Etched's technical framing on Tuesday centered on two named approaches: Low-Voltage Inference and Cluster-Scale Memory. Low-Voltage Inference is Etched's answer to thermal throttling at high FLOPs utilization: the company says it runs math blocks at less than half the voltage of most AI chips and can run trillion-parameter sparse mixture-of-experts workloads at more than 80% of peak FLOPs without thermal throttling. Cluster-Scale Memory is its answer to decode latency: Etched says it built a lower-latency shared memory pool across its scale-up domain using a proprietary high-bandwidth interconnect and an HBM/SRAM hybrid design.
Those are company claims, not independent benchmarks. Etched did not publish rack pricing, named customer results, contract durations, gross margin targets, production capacity or comparative numbers against Blackwell or Rubin systems. It also did not disclose how much of the $1 billion in customer contracts is contingent on delivery, performance, acceptance testing or financing.
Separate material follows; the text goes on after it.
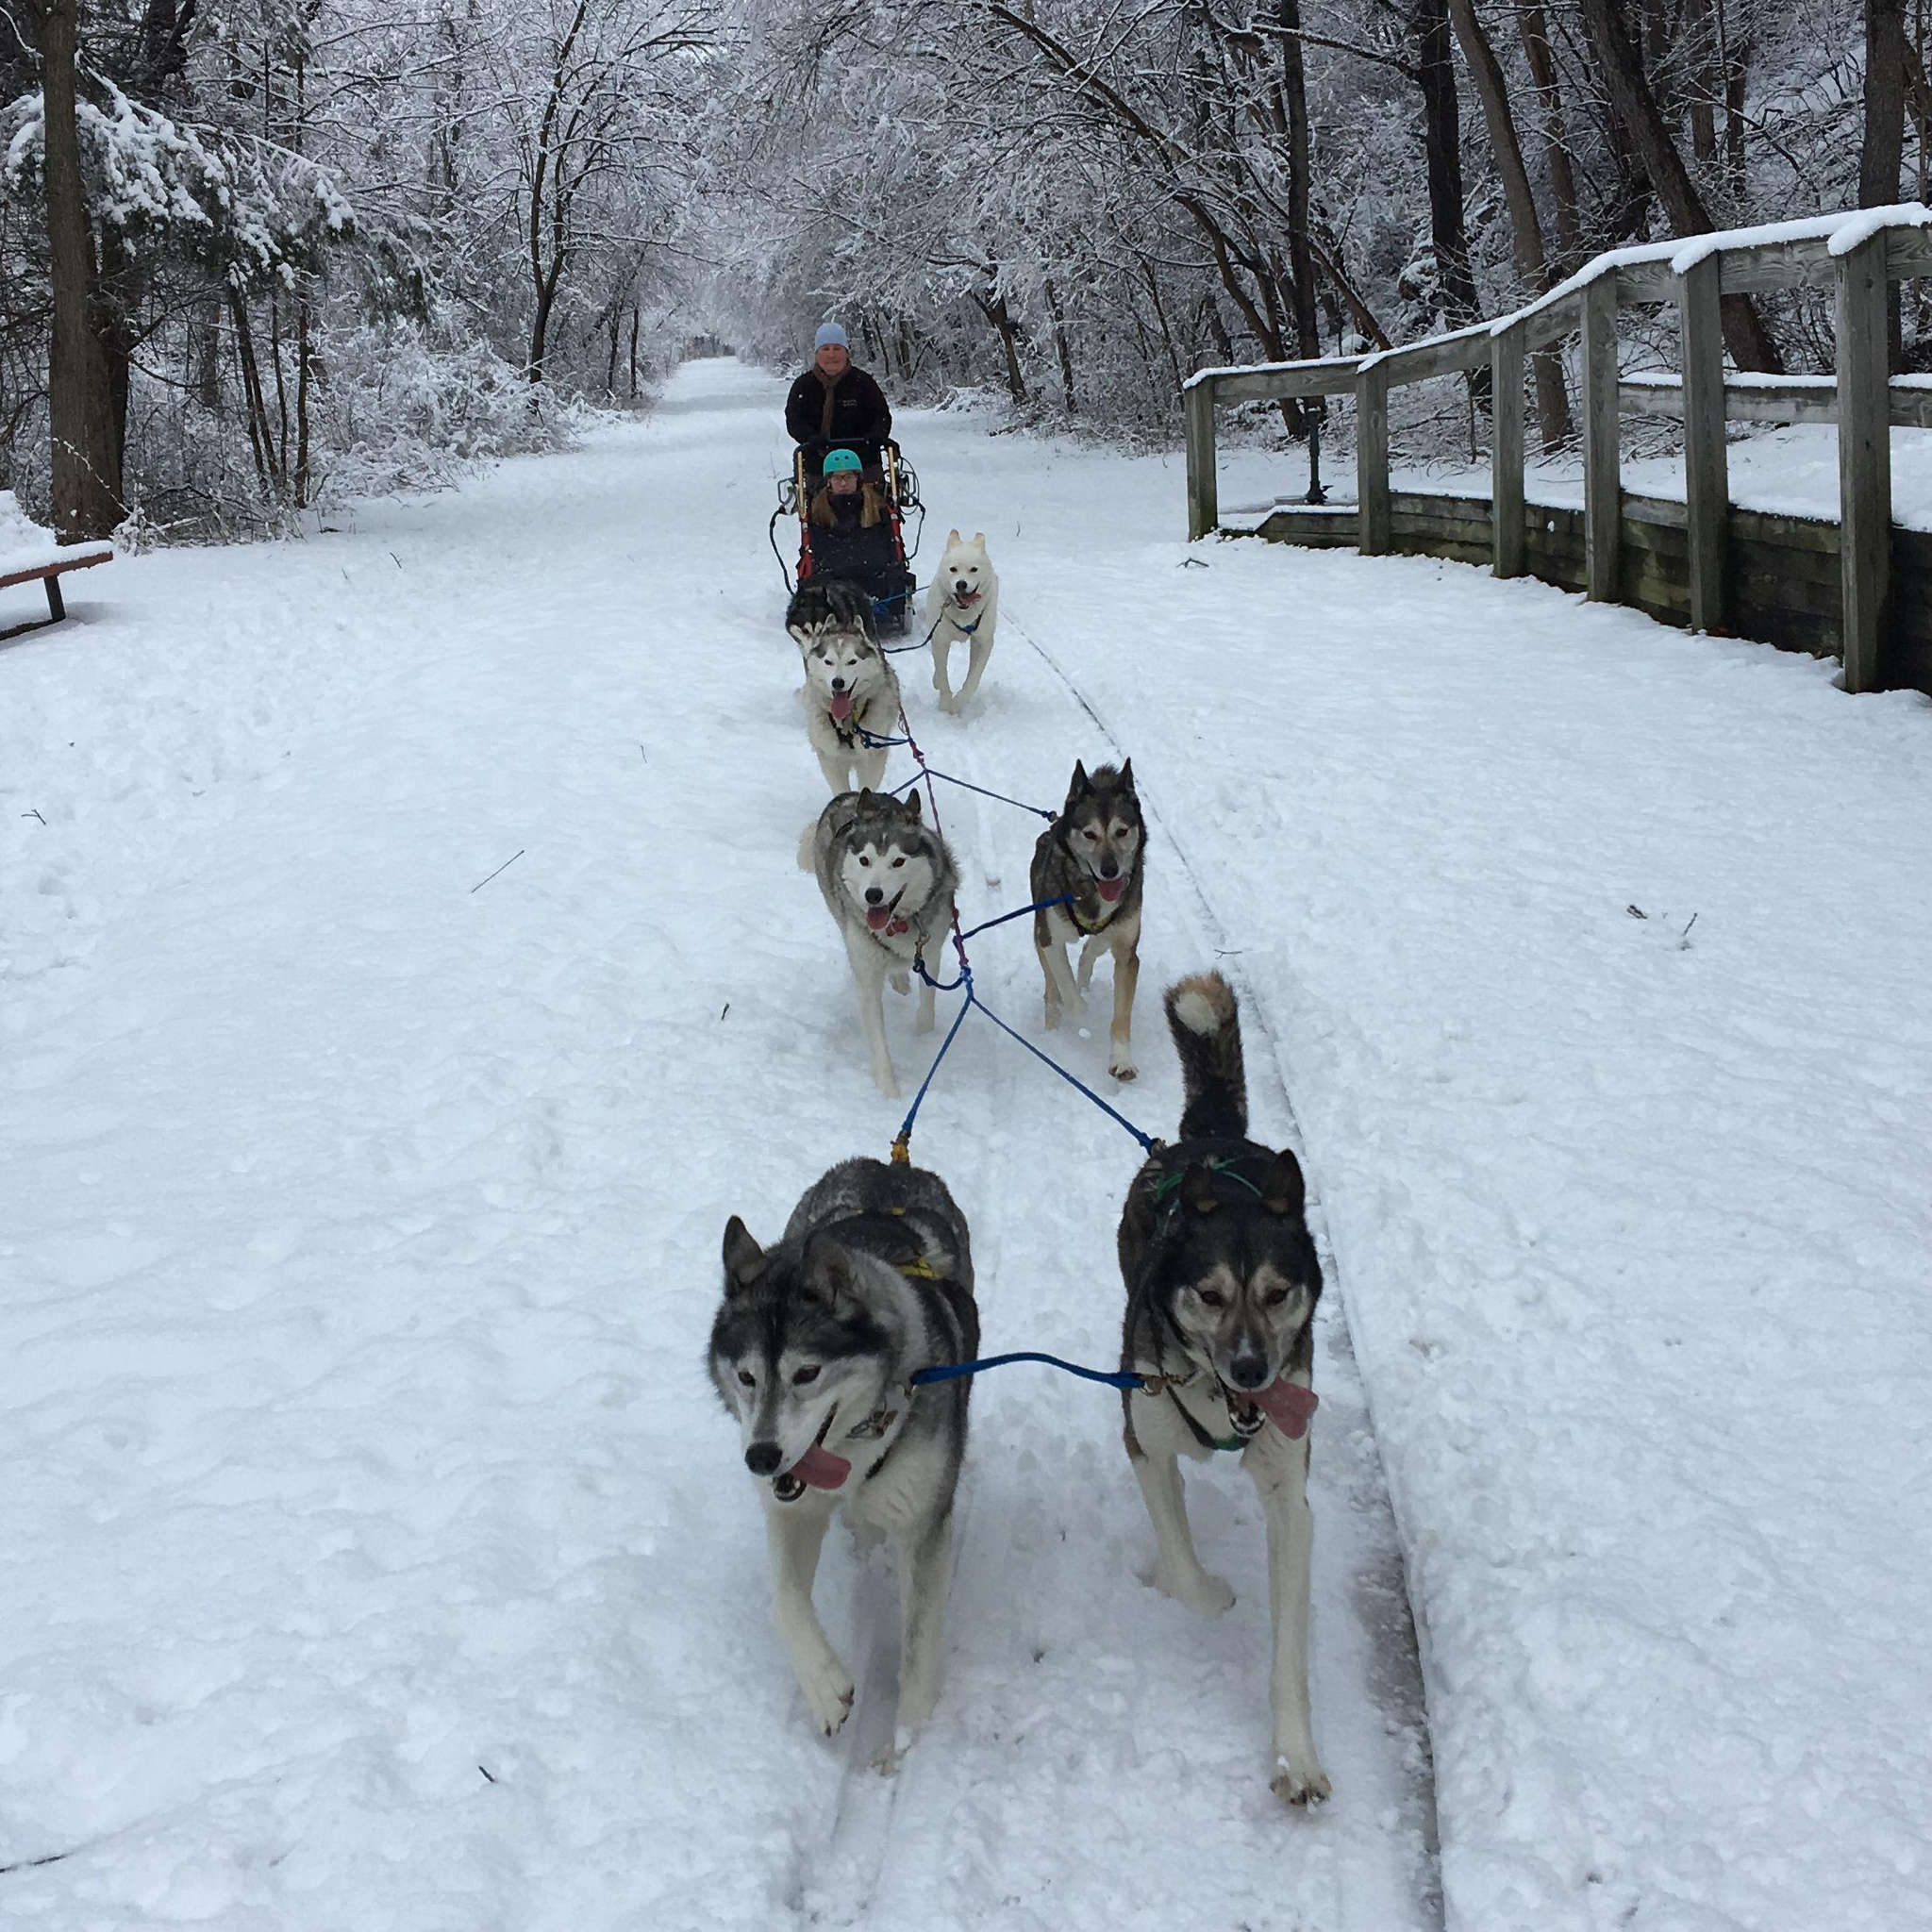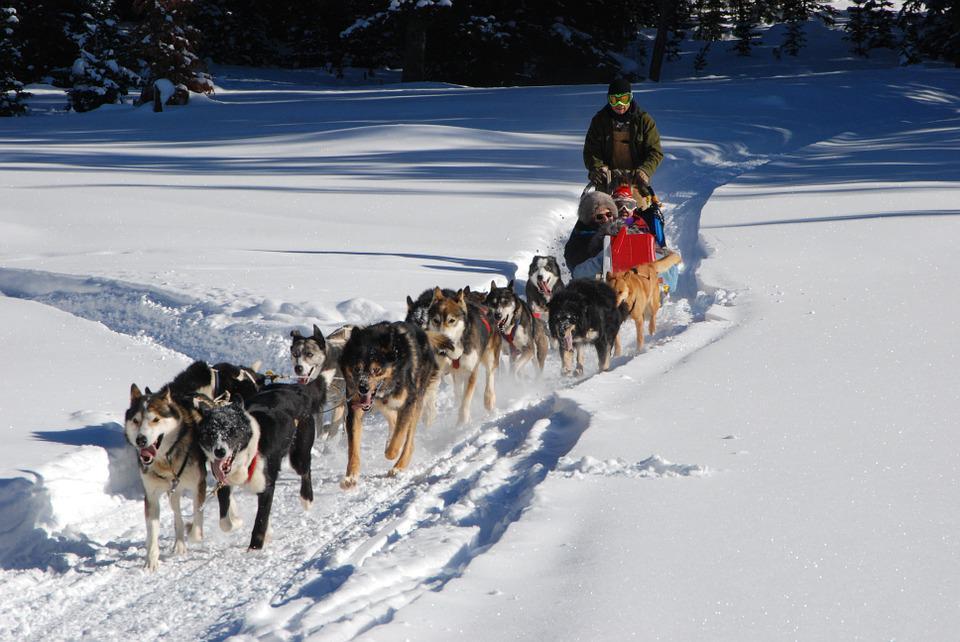The first image is the image on the left, the second image is the image on the right. For the images displayed, is the sentence "A manmade shelter for people is in the background behind a sled dog team moving rightward." factually correct? Answer yes or no. No. The first image is the image on the left, the second image is the image on the right. Given the left and right images, does the statement "The left image contains exactly six sled dogs." hold true? Answer yes or no. Yes. 
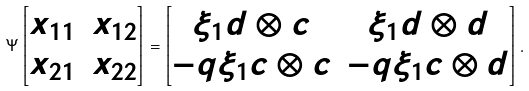Convert formula to latex. <formula><loc_0><loc_0><loc_500><loc_500>\Psi \left [ \begin{matrix} x _ { 1 1 } & x _ { 1 2 } \\ x _ { 2 1 } & x _ { 2 2 } \end{matrix} \right ] = \left [ \begin{matrix} \xi _ { 1 } d \otimes c & \xi _ { 1 } d \otimes d \\ - q \xi _ { 1 } c \otimes c & - q \xi _ { 1 } c \otimes d \end{matrix} \right ] .</formula>

For a company selling hardware into hyperscale infrastructure cycles, those details separate demand from durable revenue.
Still, the announcement marks a real escalation. Inference has become the cost center AI labs and cloud providers cannot avoid: every agent session, coding task, voice interaction, search result and long-context workflow consumes serving capacity after the model is trained. Etched's bet is that a narrower system, optimized around those workloads, can undercut general-purpose GPUs where the next wave of AI usage actually runs. The next proof point is not another financing. It is whether the racks that ship this summer perform in customer environments at the throughput, latency and power levels Etched is now putting at the center of the company.